Layer 1: Project Instructions (CLAUDE.md)

CLAUDE.md is the file Claude Code reads at the start of every session. It is your leverage point. Every instruction there saves you from repeating yourself in every conversation.

A minimal CLAUDE.md points to your real instructions:

# Claude Instructions
All project rules are in: **[AGENTS.md](./AGENTS.md)**
Read that file in full before writing any code.

AGENTS.md contains the operational details: project structure, coding rules, common mistakes to avoid, MCP server references, and the full agent inventory. Keeping instructions in a separate file means you can update them without touching the root config.

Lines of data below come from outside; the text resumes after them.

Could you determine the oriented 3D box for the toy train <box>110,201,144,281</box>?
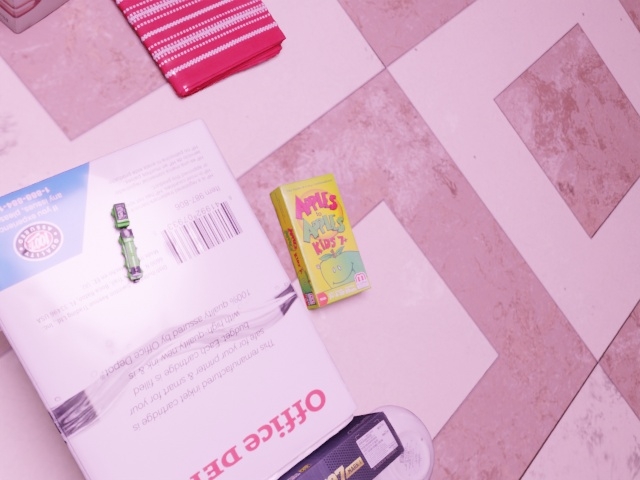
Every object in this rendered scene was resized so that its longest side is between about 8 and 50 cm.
[{"bbox_3d":[-0.195,0.001,0.590,0.017,0.023,0.083,-14,84,-26],"label":"toy train"}]

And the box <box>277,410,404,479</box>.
[{"bbox_3d":[-0.038,0.293,0.688,0.232,0.183,0.059,-27,84,-33],"label":"box"}]

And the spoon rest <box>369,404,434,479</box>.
[{"bbox_3d":[0.098,0.373,0.822,0.137,0.084,0.277,23,57,-21],"label":"spoon rest"}]

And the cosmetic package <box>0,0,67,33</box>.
[{"bbox_3d":[-0.344,-0.381,0.632,0.153,0.296,0.129,44,66,-10],"label":"cosmetic package"}]

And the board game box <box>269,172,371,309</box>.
[{"bbox_3d":[0.000,0.000,0.859,0.092,0.043,0.182,-17,87,-27],"label":"board game box"}]

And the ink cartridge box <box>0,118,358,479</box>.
[{"bbox_3d":[-0.183,0.105,0.680,0.285,0.166,0.395,-29,92,-27],"label":"ink cartridge box"}]

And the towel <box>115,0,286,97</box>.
[{"bbox_3d":[-0.197,-0.359,0.847,0.198,0.031,0.275,-35,94,-25],"label":"towel"}]
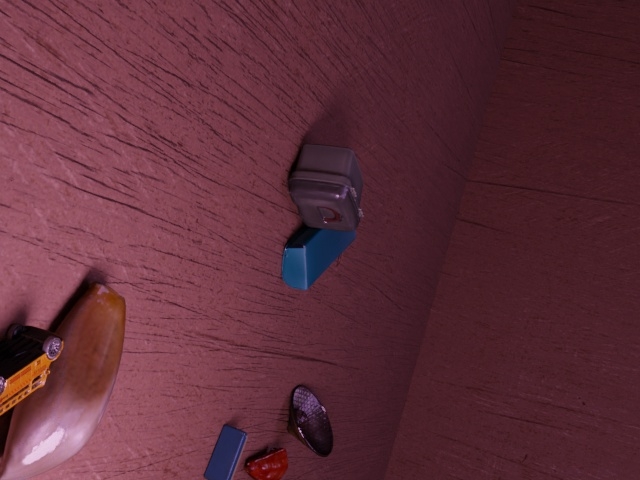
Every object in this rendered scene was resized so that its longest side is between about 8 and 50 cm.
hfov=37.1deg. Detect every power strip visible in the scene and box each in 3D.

What goes in project instructions

Technology stack with exact versions (not “use React” but “Astro 5.x + Tailwind CSS 4.x via @tailwindcss/vite”)
Common mistakes with fixes (a table of past failures prevents repeating them)
MCP servers with tool descriptions and workflows
CLI commands so the agent can operate your tools without guessing syntax
Writing rules if your project involves content (no em dashes, no AI slop phrases)

The key insight: project instructions are not documentation for humans. They are configuration for an AI agent. Write them like you are programming behavior, not explaining concepts.

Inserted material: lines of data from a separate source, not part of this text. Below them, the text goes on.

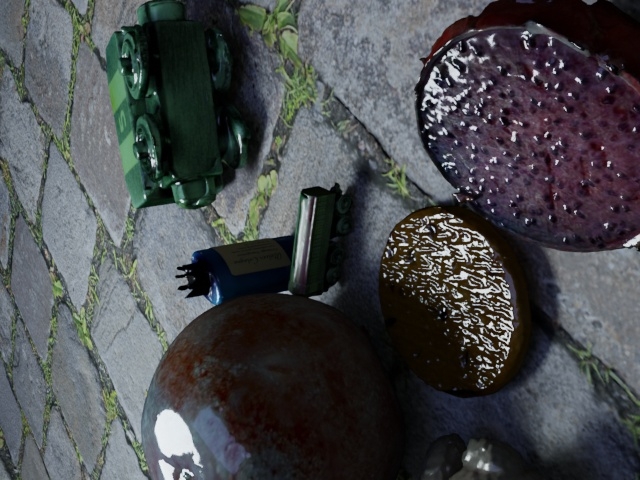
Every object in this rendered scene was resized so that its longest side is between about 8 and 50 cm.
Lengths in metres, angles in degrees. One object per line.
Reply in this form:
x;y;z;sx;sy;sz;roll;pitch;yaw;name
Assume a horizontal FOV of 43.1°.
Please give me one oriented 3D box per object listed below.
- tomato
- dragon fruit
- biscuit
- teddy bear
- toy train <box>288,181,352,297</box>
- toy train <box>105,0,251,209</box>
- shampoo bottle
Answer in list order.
-0.056;0.219;0.962;0.316;0.282;0.317;12;108;41;tomato
0.203;-0.112;0.646;0.223;0.148;0.219;2;131;45;dragon fruit
0.137;0.062;0.848;0.212;0.036;0.212;18;112;50;biscuit
0.150;0.304;0.786;0.267;0.151;0.236;-52;49;44;teddy bear
0.000;0.000;0.996;0.038;0.070;0.148;34;124;46;toy train
-0.216;-0.189;1.196;0.238;0.166;0.299;-14;85;65;toy train
-0.099;0.038;1.048;0.087;0.182;0.050;54;139;33;shampoo bottle
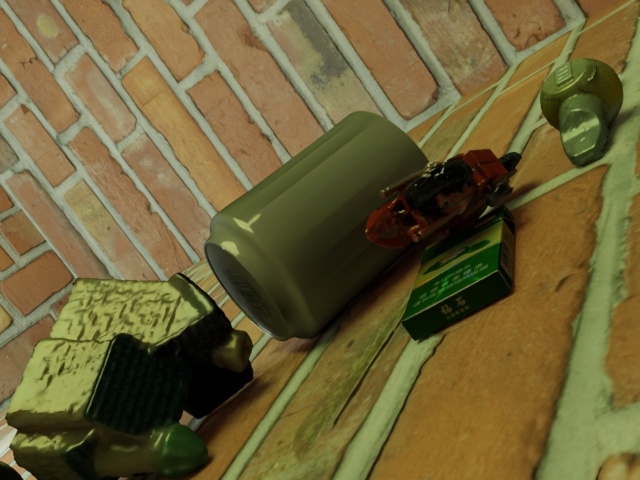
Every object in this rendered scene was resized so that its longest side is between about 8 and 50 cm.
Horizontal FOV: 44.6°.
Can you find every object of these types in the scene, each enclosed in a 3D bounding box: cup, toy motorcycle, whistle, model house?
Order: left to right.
[{"bbox_3d":[-0.240,0.209,1.110,0.284,0.243,0.299,-6,47,18],"label":"model house"},{"bbox_3d":[0.000,0.000,1.259,0.327,0.237,0.323,-41,-20,-21],"label":"cup"},{"bbox_3d":[0.182,-0.062,1.077,0.171,0.089,0.298,-35,-11,32],"label":"toy motorcycle"},{"bbox_3d":[0.390,-0.183,1.145,0.122,0.123,0.223,-30,32,34],"label":"whistle"}]

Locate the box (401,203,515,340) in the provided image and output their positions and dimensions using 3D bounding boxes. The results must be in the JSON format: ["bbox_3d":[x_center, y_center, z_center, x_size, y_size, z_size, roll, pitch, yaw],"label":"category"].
[{"bbox_3d":[0.177,0.033,0.967,0.132,0.034,0.235,-32,9,24],"label":"box"}]

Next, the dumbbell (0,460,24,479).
[{"bbox_3d":[-0.522,0.368,1.083,0.192,0.192,0.290,-41,32,-27],"label":"dumbbell"}]
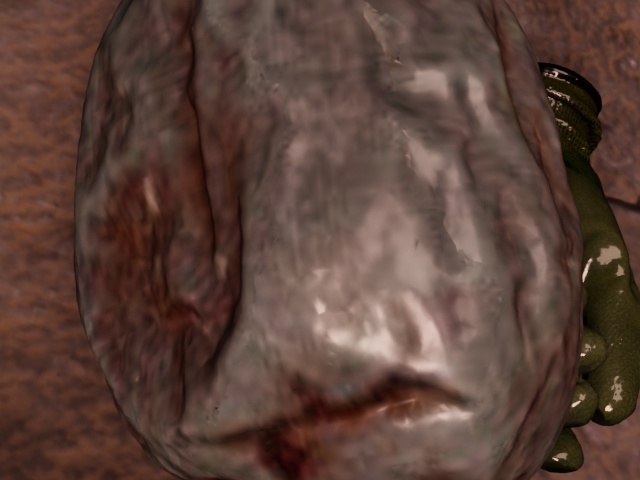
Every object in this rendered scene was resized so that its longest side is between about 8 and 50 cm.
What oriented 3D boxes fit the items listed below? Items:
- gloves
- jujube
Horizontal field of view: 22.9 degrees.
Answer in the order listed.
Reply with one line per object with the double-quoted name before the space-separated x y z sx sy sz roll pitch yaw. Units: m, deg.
"gloves" 0.122 0.014 0.884 0.135 0.107 0.268 26 41 -21
"jujube" 0.008 0.001 0.752 0.215 0.246 0.308 11 67 -42

We document every architectural decision this way. The same principle applies to living documentation in git - if it is not in the repo, it does not exist.

Layer 2: Persistent Memory

Memory is what makes session 50 better than session 1. Claude Code supports a file-based memory system at ~/.claude/projects/<project>/memory/.

Memory types

Type	What It Stores	Example
user	Your role, preferences, expertise level	”Senior architect, new to React frontend”
feedback	Corrections and confirmed approaches	”Never use —svg-theme auto, it breaks with OS dark mode”
project	Ongoing work, goals, decisions	”Merge freeze after March 5 for mobile release”
reference	Pointers to external systems	”Pipeline bugs tracked in Linear project INGEST”

How memory compounds

Memory accumulates feedback rules across sessions. Each rule prevents a specific mistake from recurring:

“All repos under crmvet/ must be —private”
“Always WebFetch verify after push - never say should deploy”
“SVG export needs —svg-theme light —embed-svg-images”
“Draw.io XML needs HTML entity-encoded in value attributes”

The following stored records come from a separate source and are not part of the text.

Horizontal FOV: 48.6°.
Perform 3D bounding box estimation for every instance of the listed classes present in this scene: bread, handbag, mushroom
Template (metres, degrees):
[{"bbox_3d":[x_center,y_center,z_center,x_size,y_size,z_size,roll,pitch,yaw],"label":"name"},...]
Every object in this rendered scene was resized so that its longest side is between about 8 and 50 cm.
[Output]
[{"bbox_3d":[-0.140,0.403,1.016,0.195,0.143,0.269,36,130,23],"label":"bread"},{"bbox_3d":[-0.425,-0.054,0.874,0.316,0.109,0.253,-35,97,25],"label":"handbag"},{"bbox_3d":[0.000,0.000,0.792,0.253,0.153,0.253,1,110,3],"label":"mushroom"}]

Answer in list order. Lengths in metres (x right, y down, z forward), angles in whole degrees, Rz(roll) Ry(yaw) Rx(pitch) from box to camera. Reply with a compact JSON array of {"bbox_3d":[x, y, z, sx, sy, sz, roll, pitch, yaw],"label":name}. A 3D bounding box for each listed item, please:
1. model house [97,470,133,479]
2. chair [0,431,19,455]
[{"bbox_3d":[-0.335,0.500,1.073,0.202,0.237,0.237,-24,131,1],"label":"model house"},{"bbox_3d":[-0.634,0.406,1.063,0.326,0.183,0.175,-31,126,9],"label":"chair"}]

Without memory, I would need to re-explain each of these every session. With memory, the agent reads them automatically and applies them without prompting.

Layer 3: Specialized Agents

An agent is a prompt file that defines a role, inputs, outputs, and quality gates. It is not a chatbot conversation - it is a job description for an AI worker.

Anatomy of an effective agent

# Agent: Diagram Creator

## Role
Create Draw.io diagrams from visual plans using the MCP server.

## Input
- Build spec from /diagram-architect
- Article .mdx file for context
- Azure2 icon catalog

## Process
1. Build on canvas via Draw.io MCP
2. Run programmatic review (score >= 70)
3. Fix issues, re-review
4. Export .drawio + SVG

## Output
- .drawio source file
- .svg for the live site

## Quality Checks
- [ ] All positions on 10px grid
- [ ] Azure2 icons for all services
- [ ] All colors from approved palette
- [ ] Combined review score >= 70

The quality checks are what separate an agent from a prompt. Without measurable gates, you get inconsistent output. With them, you get a standard.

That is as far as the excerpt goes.